The Financial Conduct Authority (FCA) has published a thematic review in which it reveals its concerns over the way principal firms in the general insurance sector are supervising their appointed representatives (ARs).

The FCA assessed 15 firms , and says that the majority of these could not demonstrate they had effective risk management systems in place concerning their ARs.

Almost half of the 15 firms could not show that they had understood the risks posed by their AR’s activities, and consequently could not demonstrate that they appreciated the risks to their customers. Here, areas of concern identified by the FCA included: the effectiveness of compliance monitoring of the ARs, whether the ARs were sufficiently solvent, and whether effective contracts were in place between the principals and the ARs.

At five of the 15 firms the failings are sufficiently serious to require the FCA to take action. All five firms have been prevented from taking on new ARs; two firms have been asked to stop selling insurance; and two firms will be subject to a Section 166 review to assess the effectiveness of their systems and controls, and whether mis-selling and customer detriment has occurred.

Some of the reports in the mainstream media concerning the review have chosen to concentrate on the possibility of a new mis-selling scandal concerning warranty insurance. This insurance was often sold by retail assistants in stores, who were acting as appointed representatives of insurers, and who did not have financial services experience and had not received adequate training.
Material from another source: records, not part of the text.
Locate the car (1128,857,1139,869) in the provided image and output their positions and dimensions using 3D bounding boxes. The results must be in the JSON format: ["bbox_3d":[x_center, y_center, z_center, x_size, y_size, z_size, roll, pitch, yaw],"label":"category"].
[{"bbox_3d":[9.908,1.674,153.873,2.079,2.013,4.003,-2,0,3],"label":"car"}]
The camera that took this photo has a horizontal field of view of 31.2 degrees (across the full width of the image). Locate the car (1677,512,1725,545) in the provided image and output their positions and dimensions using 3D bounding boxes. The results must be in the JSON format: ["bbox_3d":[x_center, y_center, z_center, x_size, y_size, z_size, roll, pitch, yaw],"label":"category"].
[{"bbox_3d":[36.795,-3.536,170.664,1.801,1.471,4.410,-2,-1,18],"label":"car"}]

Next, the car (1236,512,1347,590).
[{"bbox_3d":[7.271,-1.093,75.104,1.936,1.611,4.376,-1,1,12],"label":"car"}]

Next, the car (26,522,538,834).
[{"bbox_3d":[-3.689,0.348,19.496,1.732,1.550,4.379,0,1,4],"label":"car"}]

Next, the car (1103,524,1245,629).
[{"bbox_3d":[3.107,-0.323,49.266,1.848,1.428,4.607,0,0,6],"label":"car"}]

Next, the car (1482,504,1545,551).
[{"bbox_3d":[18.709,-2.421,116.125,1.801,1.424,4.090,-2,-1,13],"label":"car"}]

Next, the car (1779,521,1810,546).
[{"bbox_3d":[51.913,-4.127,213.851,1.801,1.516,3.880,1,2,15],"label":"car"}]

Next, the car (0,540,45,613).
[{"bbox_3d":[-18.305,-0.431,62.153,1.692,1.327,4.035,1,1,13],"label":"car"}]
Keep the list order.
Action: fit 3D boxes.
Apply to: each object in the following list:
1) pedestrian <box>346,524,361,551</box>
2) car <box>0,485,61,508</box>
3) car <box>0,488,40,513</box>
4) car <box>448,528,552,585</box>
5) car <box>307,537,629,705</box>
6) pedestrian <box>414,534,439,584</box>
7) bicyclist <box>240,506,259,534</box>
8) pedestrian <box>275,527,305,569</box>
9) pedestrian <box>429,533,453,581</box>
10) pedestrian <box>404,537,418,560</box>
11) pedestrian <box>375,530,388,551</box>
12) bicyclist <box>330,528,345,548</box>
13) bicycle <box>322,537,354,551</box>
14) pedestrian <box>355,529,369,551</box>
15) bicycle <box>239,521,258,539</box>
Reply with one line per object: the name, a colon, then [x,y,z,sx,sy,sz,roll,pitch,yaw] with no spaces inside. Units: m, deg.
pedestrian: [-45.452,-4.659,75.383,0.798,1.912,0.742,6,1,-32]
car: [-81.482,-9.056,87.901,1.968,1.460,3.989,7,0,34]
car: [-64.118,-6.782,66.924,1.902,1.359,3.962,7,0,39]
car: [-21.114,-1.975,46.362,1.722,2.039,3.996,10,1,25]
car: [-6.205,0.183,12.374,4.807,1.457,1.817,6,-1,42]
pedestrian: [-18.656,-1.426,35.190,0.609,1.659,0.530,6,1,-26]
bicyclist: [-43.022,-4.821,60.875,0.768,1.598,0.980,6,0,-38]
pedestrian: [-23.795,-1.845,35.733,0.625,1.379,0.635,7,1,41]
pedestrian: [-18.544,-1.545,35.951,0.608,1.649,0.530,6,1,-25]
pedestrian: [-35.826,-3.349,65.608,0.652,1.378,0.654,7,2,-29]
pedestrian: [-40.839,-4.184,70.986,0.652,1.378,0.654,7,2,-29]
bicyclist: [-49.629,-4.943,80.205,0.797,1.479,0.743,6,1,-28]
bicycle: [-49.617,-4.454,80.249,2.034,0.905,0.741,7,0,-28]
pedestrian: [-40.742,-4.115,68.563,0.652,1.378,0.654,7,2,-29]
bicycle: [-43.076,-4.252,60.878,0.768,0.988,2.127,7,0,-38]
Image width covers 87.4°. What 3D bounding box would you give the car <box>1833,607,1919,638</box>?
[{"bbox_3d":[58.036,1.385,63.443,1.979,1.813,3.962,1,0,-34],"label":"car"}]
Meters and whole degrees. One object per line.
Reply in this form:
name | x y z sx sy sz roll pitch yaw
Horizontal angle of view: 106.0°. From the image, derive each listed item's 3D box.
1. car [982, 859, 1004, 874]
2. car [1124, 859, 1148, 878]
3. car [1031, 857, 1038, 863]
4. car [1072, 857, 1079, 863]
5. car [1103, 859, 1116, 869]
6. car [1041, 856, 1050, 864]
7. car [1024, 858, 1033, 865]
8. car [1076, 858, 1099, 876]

This certainly has echoes of the way much of the store card payment protection insurance was mis-sold – the review makes reference to warranty insurance having been sold to customers who could not claim on it, and to the insurance being sold without the customer being provided with information about exclusions and other key product features.

Each of the 15 firms visited had more than 50 ARs on average, so it would have been an onerous task to effectively monitor them all, yet under FCA rules that is exactly what the firms in question were required to do. One firm admitted to the regulator that it had not understood the full range of activities its AR was carrying out, and that it lacked the resources to supervise all of these activities anyway.

Jonathan Davidson, director of supervision – retail and authorisations at the FCA said:

“While some principals did have a good understanding of their appointed representatives’ activities and their obligations as principal firms, we found widespread examples of poor practices across the sector. In many cases firms were simply failing to understand and manage the risks arising from their appointed representatives’ activities.

“General insurance is a large and important sector and we are concerned about the potential for customer detriment arising from the lack of oversight of appointed representatives. All principal firms need to consider these findings and look again at their practices.”

Since the publication of the review, the regulator has written a ‘Dear CEO’ letter to the chief executives of principal firms in the general insurance sector, summarising the findings of the review and reminding firms that they will be held responsible for any failings identified with their AR’s activities. The letter reads:

“We treat an act or omission of the appointed representative, in respect of the business for which the principal has accepted responsibility, as the act or omission of the principal itself.”

The information shown in this article was correct at the time of publication. Articles are not routinely reviewed and as such are not updated. Please be aware the facts, circumstances or legal position may change after publication of the article.